What is the best approach.
Update: Question elaboration:
For normal cases when you want to indicate to some user the response of an action you can use
request.user.message_set.create()
This creates a message that is displayed in one of the templates and automatically deletes.
However this message system only works for logged in users who continue to have same session id. In the case of registration, the user is not authenticated and in the case of logout since the session changes, this system cannot be used.
Add to that, the built in login and logout functions from django.contrib.auth.views return a 'HttpResponseRedirect' which make it impossible to add another variable to the template.

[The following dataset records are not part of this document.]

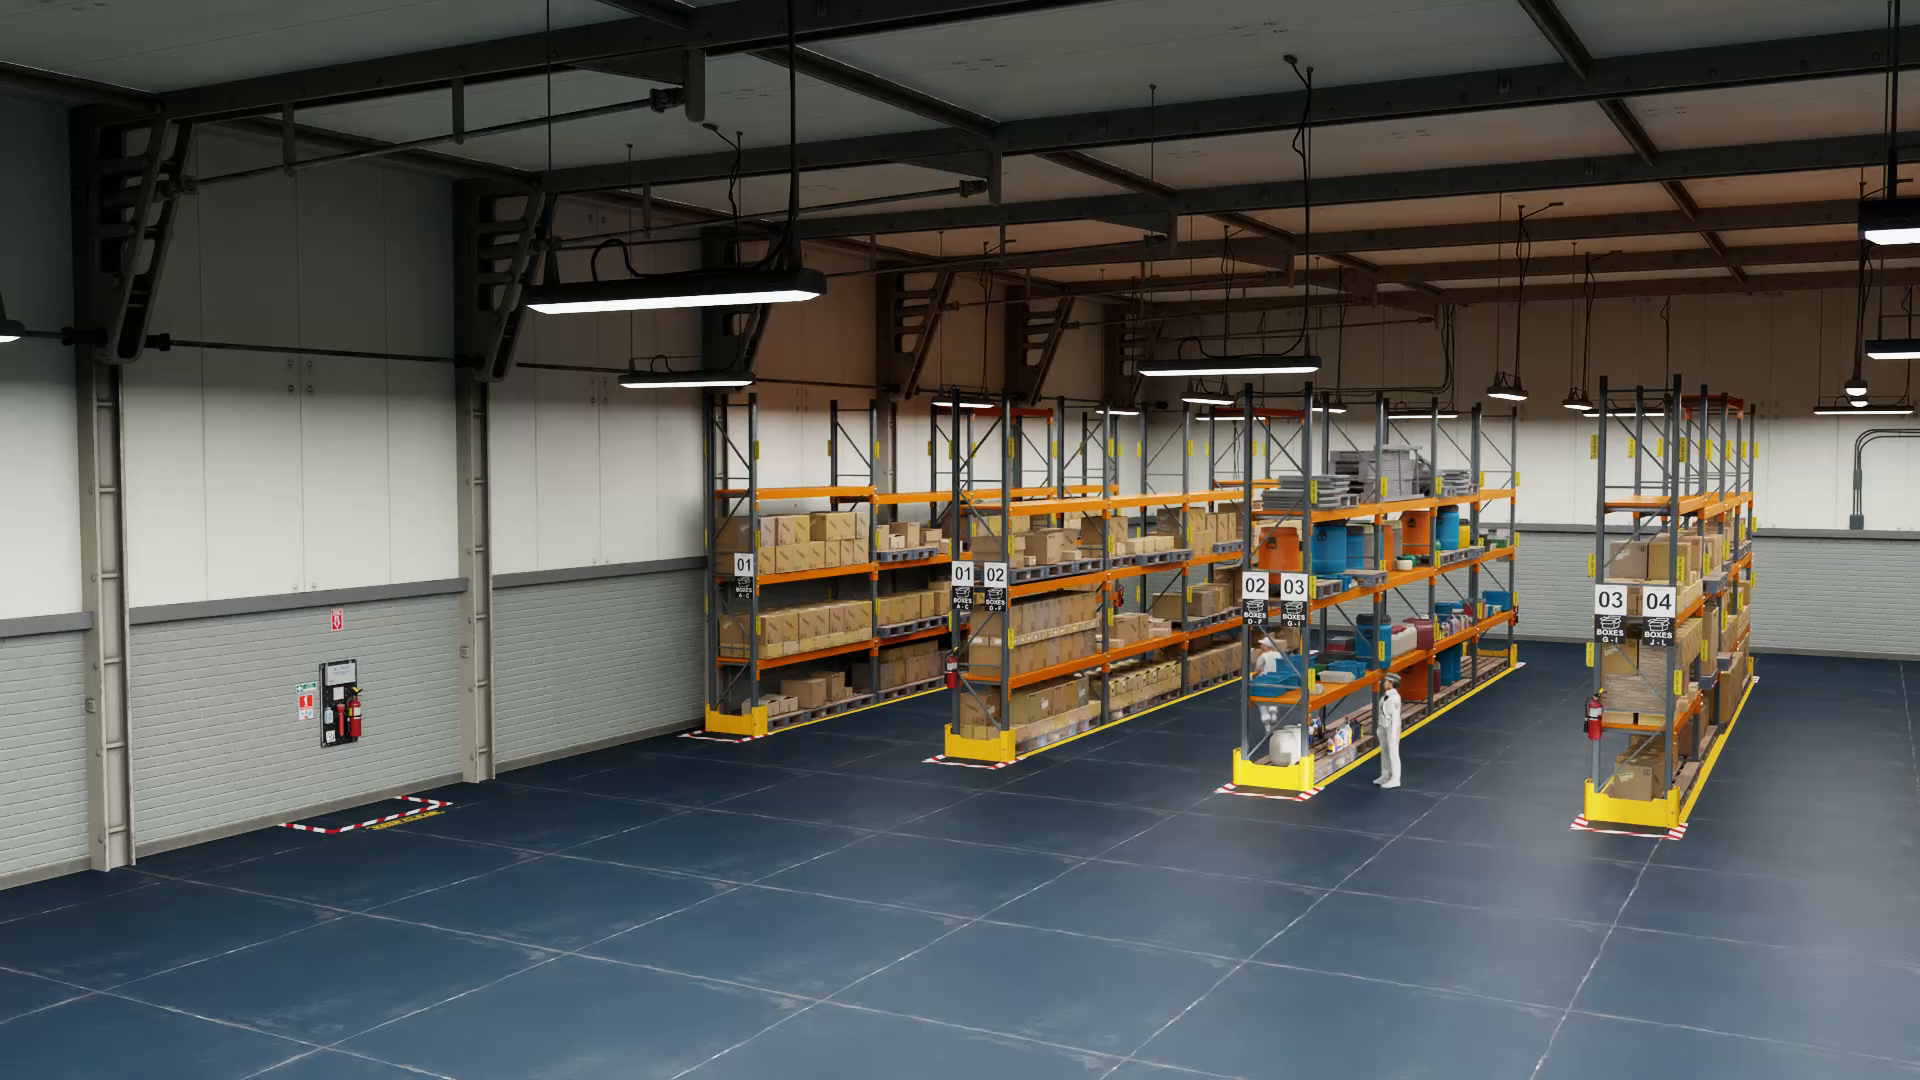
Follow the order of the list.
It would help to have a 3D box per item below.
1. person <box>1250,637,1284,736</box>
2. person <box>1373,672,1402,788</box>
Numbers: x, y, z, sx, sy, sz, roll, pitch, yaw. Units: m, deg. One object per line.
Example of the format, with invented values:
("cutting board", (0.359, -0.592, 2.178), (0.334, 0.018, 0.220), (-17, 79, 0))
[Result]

I tried setting things on the request object itself
request.info='Registered'
and check this in a different view
try:
info = request.info:
del request.info
except:
info = ''
#later
render_to_response('app/file',{'info':info})
Even this didn't work.
Clearly I can define a registered.html and add this static message there, but I was being lazy to write another template and trying to implement it DRY.
I realized that the cases were different for "registered" message and "logged out" message. And the DRY approach I used, I shall write as an answer.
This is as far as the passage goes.